Chairperson of the Portfolio Committee on Women, Youth and People with Disabilities
- In office 2 July 2019 – 17 June 2024
- Preceded by: Thandi Memela

Member of the National Assembly of South Africa
- In office 21 May 2014 – 28 May 2024

Member of the Gauteng Provincial Legislature
- In office 6 May 2009 – 6 May 2014

Personal details
- Born: 30 July 1968 (age 57)
- Party: African National Congress
- Alma mater: University of Pretoria
- Profession: Politician

= Claudia Ndaba =

South African politician

Claudia Nonhlanhla Ndaba (born 30 July 1968) is a South African politician. A member of the African National Congress, she served as the Chairperson of the Portfolio Committee on Women, Youth and People with Disabilities from 2019 until 2024 and a Member of the National Assembly of South Africa from 2014 until 2024. She served as Chairperson of the Ad Hoc Committee on the Filling of Vacancies in the Commission for Gender Equality twice during her first term in parliament. Prior to her election to parliament, Ndaba served as a Member of the Gauteng Provincial Legislature from 2009 to 2014.

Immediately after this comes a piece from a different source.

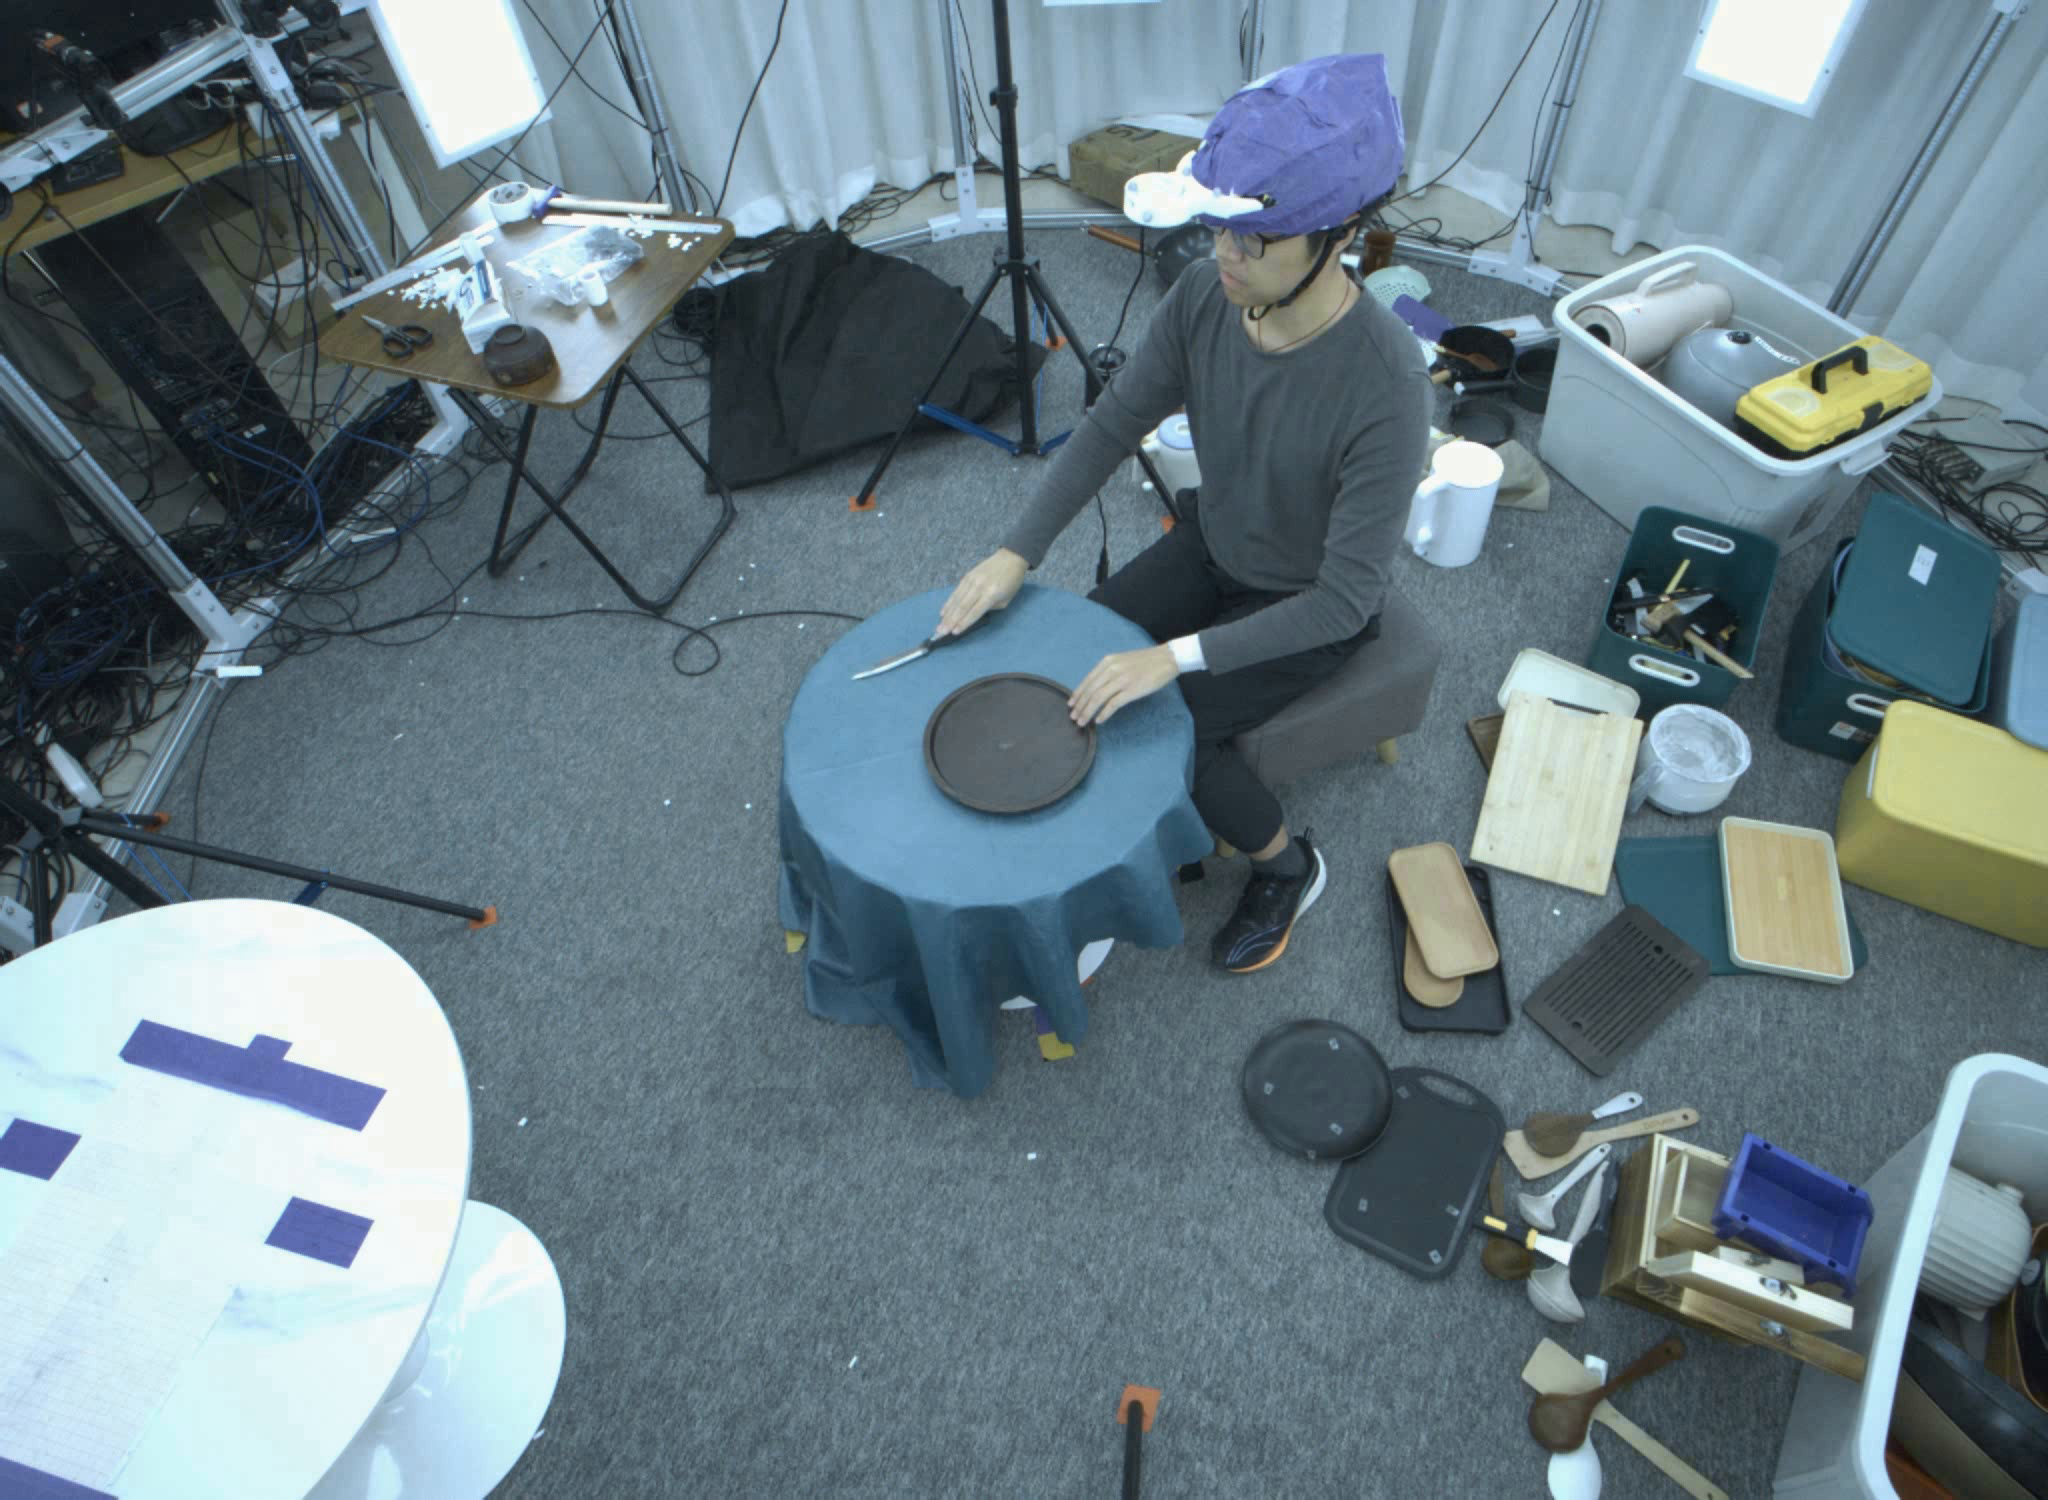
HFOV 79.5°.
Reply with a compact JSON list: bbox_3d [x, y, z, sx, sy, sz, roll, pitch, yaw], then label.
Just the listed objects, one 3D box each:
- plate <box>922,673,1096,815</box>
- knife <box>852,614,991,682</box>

==Early life and education==
Ndaba was born on 30 July 1968. Growing up, her uncles were members of the African National Congress's military wing, UMkhonto we Sizwe. She enrolled at the Ann Latsky Nursing College in Johannesburg in 2002 and trained to become a professionally enrolled nurse and completed her training in 2004. In 2021, she graduated from the University of Pretoria with a Bachelor of Public Administration.

==Career==
After graduating from the Ann Latsky Nursing College, her nursing career did not take off as she expected due to her appointment as an administrative secretary in the office of the Deputy Minister of Trade and Industry.

==Political career==
In 2009, Ndaba was elected to the Gauteng Provincial Legislature as an ANC representative. She was elected deputy provincial secretary of the African National Congress Women's League in 2012, a position she held until 2015. She was also a member of the National Executive Committee of the women's league.

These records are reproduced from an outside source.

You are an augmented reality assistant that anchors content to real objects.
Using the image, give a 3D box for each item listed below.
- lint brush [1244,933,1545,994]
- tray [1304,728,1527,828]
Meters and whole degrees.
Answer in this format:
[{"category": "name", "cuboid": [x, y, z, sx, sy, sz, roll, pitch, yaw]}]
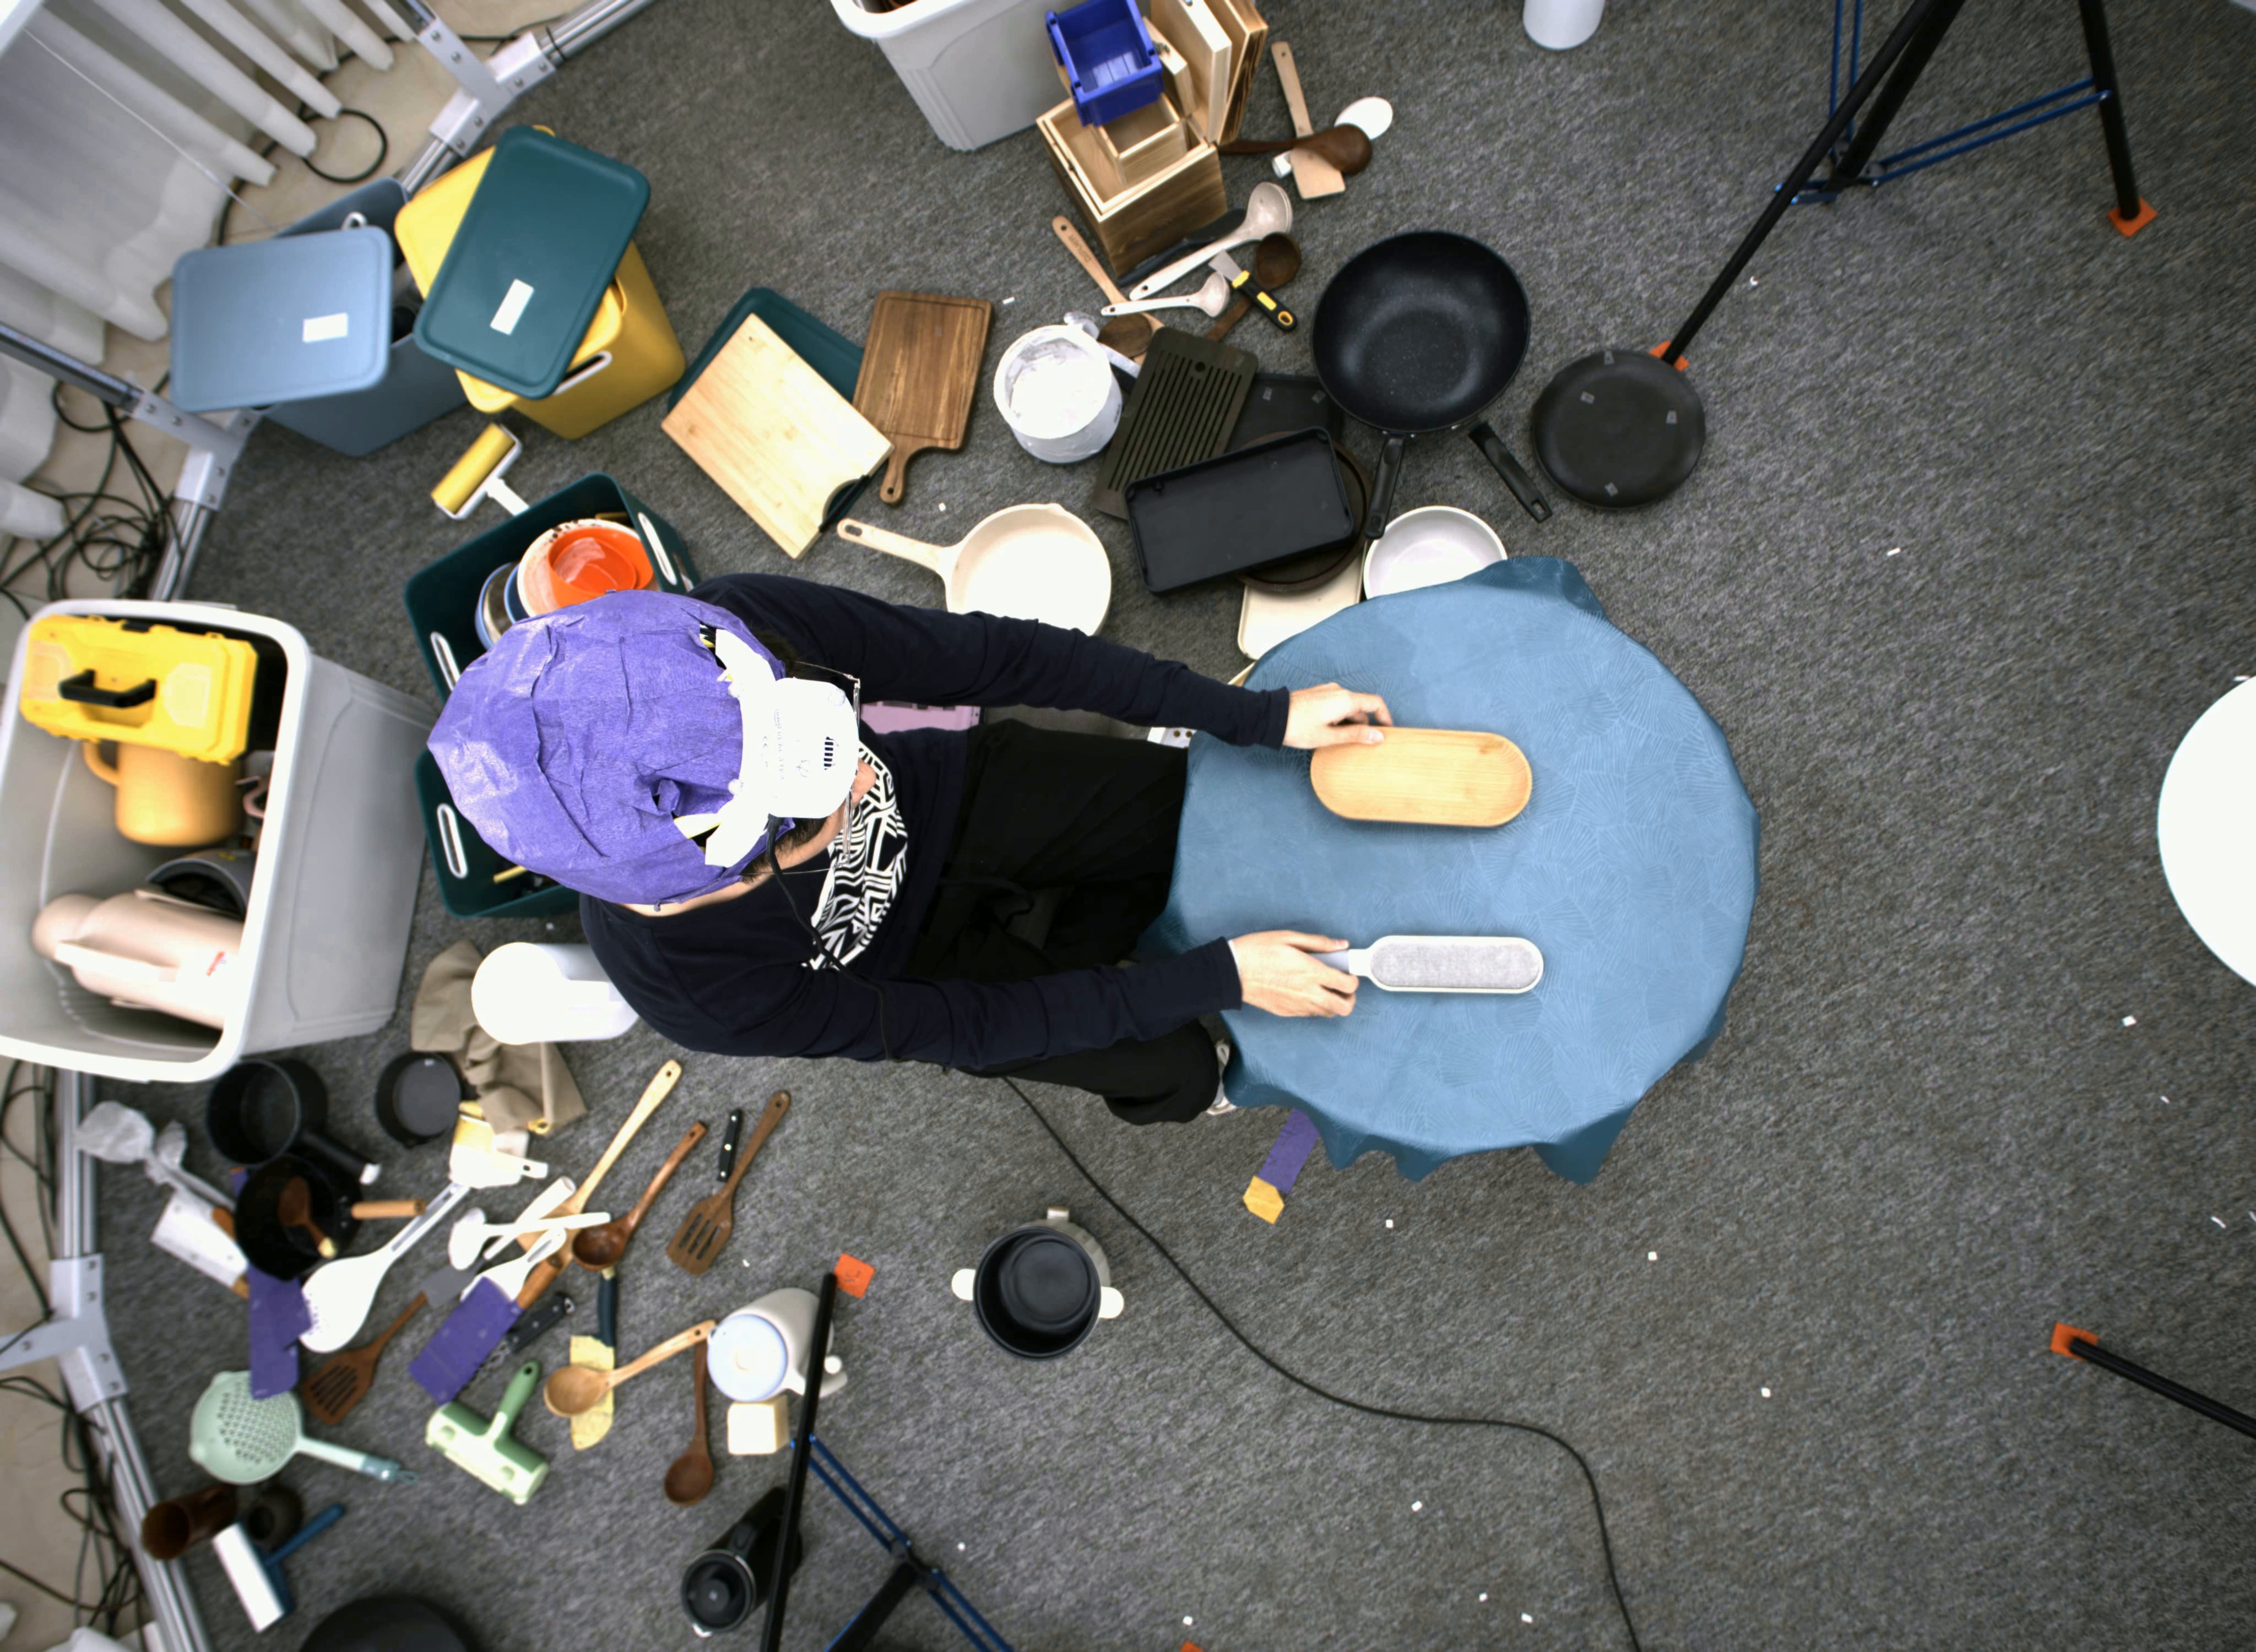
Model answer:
[{"category": "lint brush", "cuboid": [0.275, 0.139, 1.433, 0.310, 0.021, 0.060, 1, 93, 8]}, {"category": "tray", "cuboid": [0.300, -0.051, 1.438, 0.232, 0.020, 0.101, 1, 82, 5]}]

Ndaba was elected as a member of the National Assembly at the 2014 general election from the ANC's Gauteng list. She was named to the Portfolio Committee on Health. In 2015, she was elected to serve on the National Working Committee of the ANC's women's league. In November 2016, she was elected chairperson of the Ad Hoc Committee on the Filling of Vacancies for Gender Equality. Ndaba became an alternate member of the Ad Hoc Committee on Funding of Political Parties on 21 June 2017.

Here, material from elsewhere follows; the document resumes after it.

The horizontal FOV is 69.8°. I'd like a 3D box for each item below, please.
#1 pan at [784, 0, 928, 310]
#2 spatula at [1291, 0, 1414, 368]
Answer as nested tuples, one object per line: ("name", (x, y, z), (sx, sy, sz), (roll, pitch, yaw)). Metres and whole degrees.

Between October and November 2017, she was a member of the Portfolio Committee on Economic Development, before becoming an alternate member of the portfolio committee. The Ad Hoc Committee on the Filling of Vacancies in the Commission for Gender Equality was reestablished in 2018 and Ndaba was elected chairperson again unopposed, despite opposition members nominating fellow ANC MP Grace Tseke. Tseke declined the nomination.

In 2019, Ndaba was re-elected to the National Assembly, this time as a candidate on the ANC's national list. Following the election, she was elected to serve on the Portfolio Committee on Women, Youth and People with Disabilities. Ndaba was elected chairperson of the committee, succeeding Thandi Memela, who left parliament at the election.